Splendors of the Sea
Oceans cover over 70% of the earth's surface, making them the largest and most diverse of the world's ecosystems. Scientists have divided the ocean into five main layers: epipelagic, mesopelagic, bathypelagic, abyssopelagic, and lastly hadapelagic. These layers, known as "zones," extend from the surface to extreme depths past 20,000 feet. Though most organisms live in the epipelagic zone (because this is the layer where most of the visible light exists), marine organisms can be found in all levels of the ocean. The deepest known point is located in the Mariana Trench off the coast of Japan at 35,797 feet. The temperature at this depth is just above freezing, and the pressure is an astonishing eight tons per square inch (the weight of 48 Boeing 474 jets). In spite of the temperature and pressure, life can still thrive at these depths.
As a society, we incorporate the ocean in our everyday lives: from transportation - to the use of its vast resources - to its recreational aspects. The Rosenberg Library had an assortment of shells and organisms on display to represent a variety of the more local species. Many of the items were found along the Galveston beaches.
Sand dollars are flat, round marine animals that are related to sea urchins and sea stars. The bodies of these animals consist of a set of five pores arranged in a petal pattern. The pores are used to move sea water into the internal water-vascular system, allowing the creature to move. Once sand dollars die and wash up on the beach, they are usually missing their spines and velvety covering, and their color has been bleached out by the sun.
Sea urchins are small, globular creatures with protective spines. Their colors range from black and brown to purple, green, and red. Urchins move slowly through the water as they feed on algae. These unusual sea animals are considered a culinary delicacy in some parts of the world.

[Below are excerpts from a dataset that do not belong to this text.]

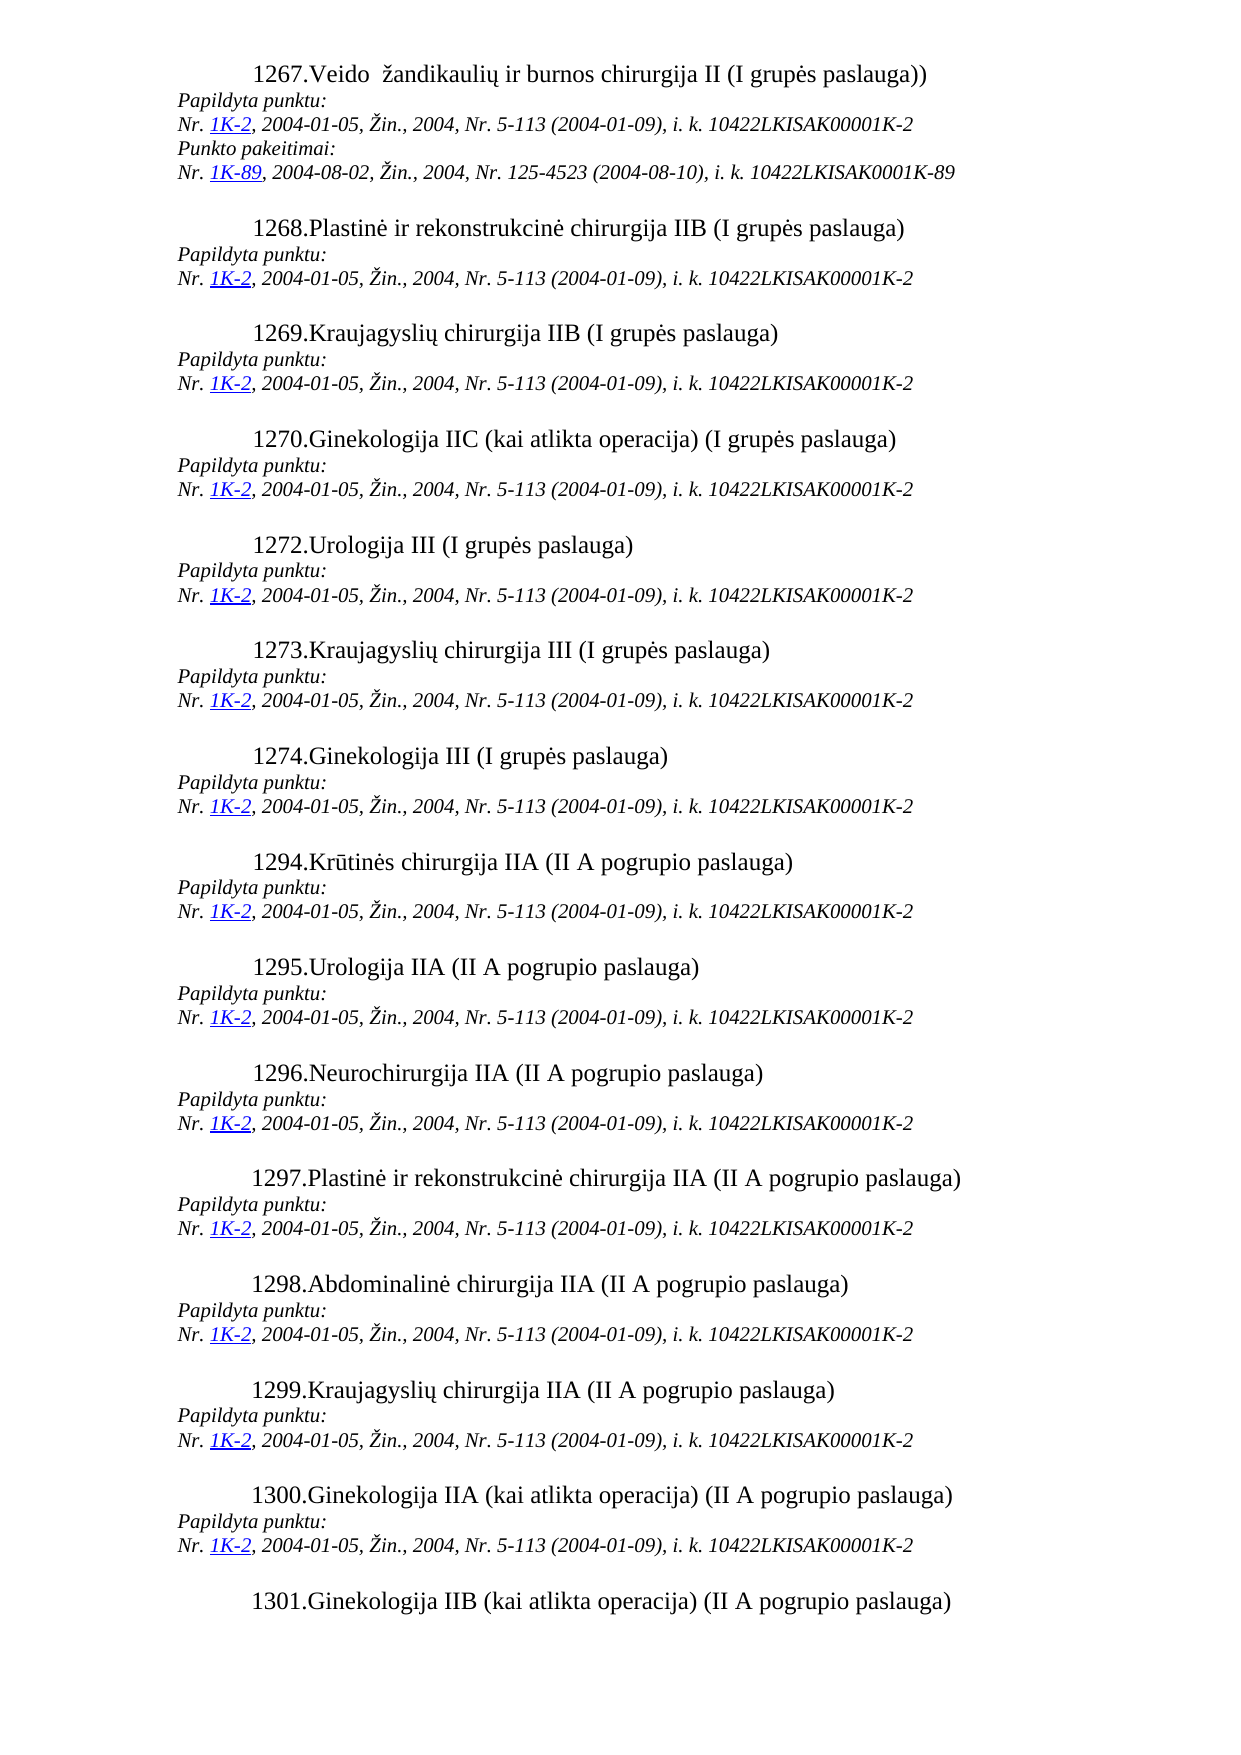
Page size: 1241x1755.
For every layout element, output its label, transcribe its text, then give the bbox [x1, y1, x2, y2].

text Nr. 1K-2, 2004-01-05, Žin., 2004, Nr. 5-113 (2004-01-09), i. k. 10422LKISAK00001K-2 [177, 1005, 1181, 1029]
text Nr. 1K-2, 2004-01-05, Žin., 2004, Nr. 5-113 (2004-01-09), i. k. 10422LKISAK00001K-2 [177, 794, 1181, 818]
text Papildyta punktu: [177, 1509, 1181, 1533]
text Nr. 1K-89, 2004-08-02, Žin., 2004, Nr. 125-4523 (2004-08-10), i. k. 10422LKISAK0001K-89 [177, 160, 1181, 184]
text 1301.Ginekologija IIB (kai atlikta operacija) (II A pogrupio paslauga) [177, 1586, 1181, 1615]
text Punkto pakeitimai: [177, 136, 1181, 160]
text Nr. 1K-2, 2004-01-05, Žin., 2004, Nr. 5-113 (2004-01-09), i. k. 10422LKISAK00001K-2 [177, 1216, 1181, 1240]
text Nr. 1K-2, 2004-01-05, Žin., 2004, Nr. 5-113 (2004-01-09), i. k. 10422LKISAK00001K-2 [177, 371, 1181, 395]
text 1267.Veido žandikaulių ir burnos chirurgija II (I grupės paslauga)) [177, 59, 1181, 88]
text 1269.Kraujagyslių chirurgija IIB (I grupės paslauga) [177, 318, 1181, 347]
text Papildyta punktu: [177, 981, 1181, 1005]
text Papildyta punktu: [177, 88, 1181, 112]
text Papildyta punktu: [177, 453, 1181, 477]
text Nr. 1K-2, 2004-01-05, Žin., 2004, Nr. 5-113 (2004-01-09), i. k. 10422LKISAK00001K-2 [177, 1533, 1181, 1557]
text 1268.Plastinė ir rekonstrukcinė chirurgija IIB (I grupės paslauga) [177, 213, 1181, 242]
text 1299.Kraujagyslių chirurgija IIA (II A pogrupio paslauga) [177, 1375, 1181, 1403]
text Nr. 1K-2, 2004-01-05, Žin., 2004, Nr. 5-113 (2004-01-09), i. k. 10422LKISAK00001K-2 [177, 1427, 1181, 1452]
text 1296.Neurochirurgija IIA (II A pogrupio paslauga) [177, 1058, 1181, 1087]
text 1297.Plastinė ir rekonstrukcinė chirurgija IIA (II A pogrupio paslauga) [177, 1163, 1181, 1192]
text Papildyta punktu: [177, 664, 1181, 688]
text 1272.Urologija III (I grupės paslauga) [177, 530, 1181, 558]
text Nr. 1K-2, 2004-01-05, Žin., 2004, Nr. 5-113 (2004-01-09), i. k. 10422LKISAK00001K-2 [177, 1111, 1181, 1135]
text Nr. 1K-2, 2004-01-05, Žin., 2004, Nr. 5-113 (2004-01-09), i. k. 10422LKISAK00001K-2 [177, 582, 1181, 607]
text Papildyta punktu: [177, 1403, 1181, 1427]
text Papildyta punktu: [177, 875, 1181, 899]
text 1270.Ginekologija IIC (kai atlikta operacija) (I grupės paslauga) [177, 424, 1181, 453]
text 1294.Krūtinės chirurgija IIA (II A pogrupio paslauga) [177, 847, 1181, 875]
text Nr. 1K-2, 2004-01-05, Žin., 2004, Nr. 5-113 (2004-01-09), i. k. 10422LKISAK00001K-2 [177, 899, 1181, 923]
text Nr. 1K-2, 2004-01-05, Žin., 2004, Nr. 5-113 (2004-01-09), i. k. 10422LKISAK00001K-2 [177, 112, 1181, 136]
text 1295.Urologija IIA (II A pogrupio paslauga) [177, 952, 1181, 981]
text Papildyta punktu: [177, 242, 1181, 266]
text 1300.Ginekologija IIA (kai atlikta operacija) (II A pogrupio paslauga) [177, 1480, 1181, 1509]
text Papildyta punktu: [177, 558, 1181, 582]
text Papildyta punktu: [177, 770, 1181, 794]
text Nr. 1K-2, 2004-01-05, Žin., 2004, Nr. 5-113 (2004-01-09), i. k. 10422LKISAK00001K-2 [177, 477, 1181, 501]
text Nr. 1K-2, 2004-01-05, Žin., 2004, Nr. 5-113 (2004-01-09), i. k. 10422LKISAK00001K-2 [177, 688, 1181, 712]
text 1274.Ginekologija III (I grupės paslauga) [177, 741, 1181, 770]
text Papildyta punktu: [177, 347, 1181, 371]
text Nr. 1K-2, 2004-01-05, Žin., 2004, Nr. 5-113 (2004-01-09), i. k. 10422LKISAK00001K-2 [177, 1322, 1181, 1346]
text Papildyta punktu: [177, 1298, 1181, 1322]
text 1298.Abdominalinė chirurgija IIA (II A pogrupio paslauga) [177, 1269, 1181, 1298]
text Papildyta punktu: [177, 1087, 1181, 1111]
text Papildyta punktu: [177, 1192, 1181, 1216]
text Nr. 1K-2, 2004-01-05, Žin., 2004, Nr. 5-113 (2004-01-09), i. k. 10422LKISAK00001K-2 [177, 266, 1181, 290]
text 1273.Kraujagyslių chirurgija III (I grupės paslauga) [177, 635, 1181, 664]

Sea beans are seeds and fruits from coastal plants that make their way into the ocean and drift along with ocean currents. They can be found washed ashore in all parts of the world, particularly after high tides during hurricane season. Some sea beans are used for medicinal purposes and can found in nutritional supplements.
Reef-building corals are actually made up of two different living organisms — an animal and a plant that lives inside the animal. The animal portion is a simple polyp with a circle of tentacles surrounding a central mouth. Hundreds of thousands of interconnected polyps form a reef. The plant portion is single cell of algae that lives inside the polyp. The polyp provides a home for the algae and also provides the nitrogen and carbon dioxide needed for photosynthesis. In exchange, the algae uses photosynthesis to produce food for the animal.
Sea Stars (Starfish)
There are approximately 2,000 species of sea star living the world’s oceans. Though most species have five arms, some types of star fish can have up to forty arms. Their bony, calcified skin protects them from most predators, and many are brightly colored to scare off potential attackers. Sea stars are well known for their ability to regenerate lost limbs. Some sea stars require an intact central body in order to regenerate; however, a few species can grow an entirely new sea star from just a portion of a severed limb. Most sea stars also have the remarkable ability to consume prey outside their bodies by using their cupped tube feet to pry open clams and oysters. They consume their prey with a sack-like cardiac stomach.
Sawfish are a family of marine animals related to sharks and rays. Their most striking feature is their saw-like snout, called the rostrum. The rostrum works like a metal detector as the sawfish hovers over the ocean floor looking for hidden food. It is also used as a digging tool to unearth buried crustaceans. The sawfish catches its prey by waiting for a fish to swim by before it slashes at it with its saw, usually stunning or injuring the prey.
Sawfish are found in tropical and sub-tropical areas around Africa, Australia, and the Caribbean. They can be found in both fresh and salt water. All species of sawfish are considered critically endangered.
Seahorses are named for their equine appearance. Although they are fish, they do not have scales; rather they have a thin skin that stretches over a series of bony plates throughout their body. There are about 35 known species of seahorses. Their size depends on the species but can range anywhere from ¼ inch to over a foot. They are found in most of the world’s temperate and tropical coastal waters and in some of the world’s most threatened habitats: sea grasses, mangroves, coral reefs and estuaries. Seahorses are rare in that they are monogamous creatures, and it is the male who becomes pregnant when the female deposits eggs into his pouch. Each seahorse pregnancy lasts between 2 and 4 weeks. Males give birth to as few as 5 but as many as 2,000 “fry” at a time. Once the male gives birth, he usually becomes pregnant again right away.